Proposed site for biomass project

Yuba Water Resource and Habitat Restoration Projects

The second day of the site visit focused on how FRB funding supports projects focused on sustainable water resource management and aspen meadow habitat restoration. The Yuba Water Agency manages water resources for flood risk reduction and reliable water supply maintenance in Yuba County, supporting the environment and quality of life of its communities. Water quality in the county relies heavily on the condition of the upper Yuba River watershed. Furthermore, because various homes and communities have been built within and near forests, many lives and properties are vulnerable to the damages of high-severity wildfire. Thus, Yuba Water Agency invested in the first piloted FRB which focuses on forest restoration work in the watershed, protecting residents, communities, and water supply.

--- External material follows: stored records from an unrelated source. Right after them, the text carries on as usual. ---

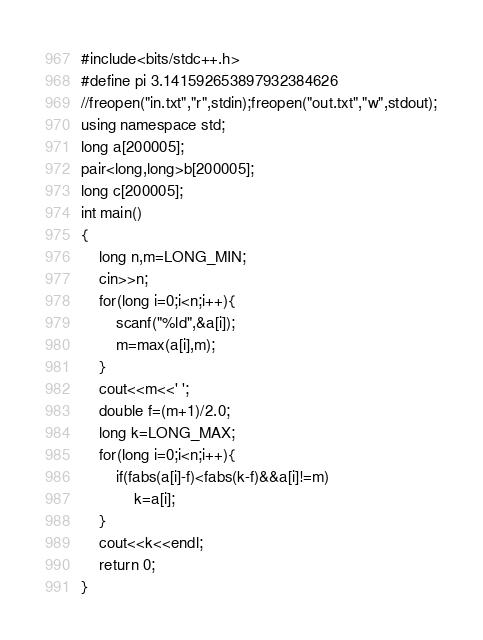Convert code to text. <code><loc_0><loc_0><loc_500><loc_500><_C++_>#include<bits/stdc++.h>
#define pi 3.141592653897932384626
//freopen("in.txt","r",stdin);freopen("out.txt","w",stdout);
using namespace std;
long a[200005];
pair<long,long>b[200005];
long c[200005];
int main()
{
    long n,m=LONG_MIN;
    cin>>n;
    for(long i=0;i<n;i++){
        scanf("%ld",&a[i]);
        m=max(a[i],m);
    }
    cout<<m<<' ';
    double f=(m+1)/2.0;
    long k=LONG_MAX;
    for(long i=0;i<n;i++){
        if(fabs(a[i]-f)<fabs(k-f)&&a[i]!=m)
            k=a[i];
    }
    cout<<k<<endl;
	return 0;
}
</code> 
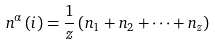<formula> <loc_0><loc_0><loc_500><loc_500>n ^ { \alpha } \left ( i \right ) = \frac { 1 } { z } \left ( n _ { 1 } + n _ { 2 } + \dots + n _ { z } \right )</formula>

Another Yuba I project we learned about was meadow and aspen grove restoration. Aspen groves are biodiversity hotspots, but as surrounding conifers encroach, their water demands alter the hydrologic processes of the meadow. This encroachment can dry out the ecosystem and hurt biodiversity levels. In cases of ecologically inappropriate tree growth, an effective restoration treatment is to remove the trees. Most of these encroaching conifers in Yuba I units are lodgepole pine, a species with almost no marketable value. FRB’s collaboration with Honey Lake Power, however, has given these trees a purpose. They are one of the main sources of woodchips for the plant’s clean energy program.

Active work site for Yuba I meadow restoration

Impact of FRB

In 2021, 7.1 million acres of land were burned, resulting in $70-90 billion in total damage and cumulative economic loss during wildfire season in the U.S. By the end of 2021, Blue Forest Conservation had raised over $29 million for FRB forest restoration projects like the Yuba projects we learned about during the site visit. Together, Yuba I, which is in progress and is expected to finish in 2022, and Yuba II, which began in 2021, protect over 63,000 acres from severe wildfire. I left the site visit incredibly inspired by Blue Forest’s efforts and Calvert Impact’s supportive investments. I’m excited to work on future projects with them after learning about the catastrophic effects of wildfires on vulnerable communities and ecosystems.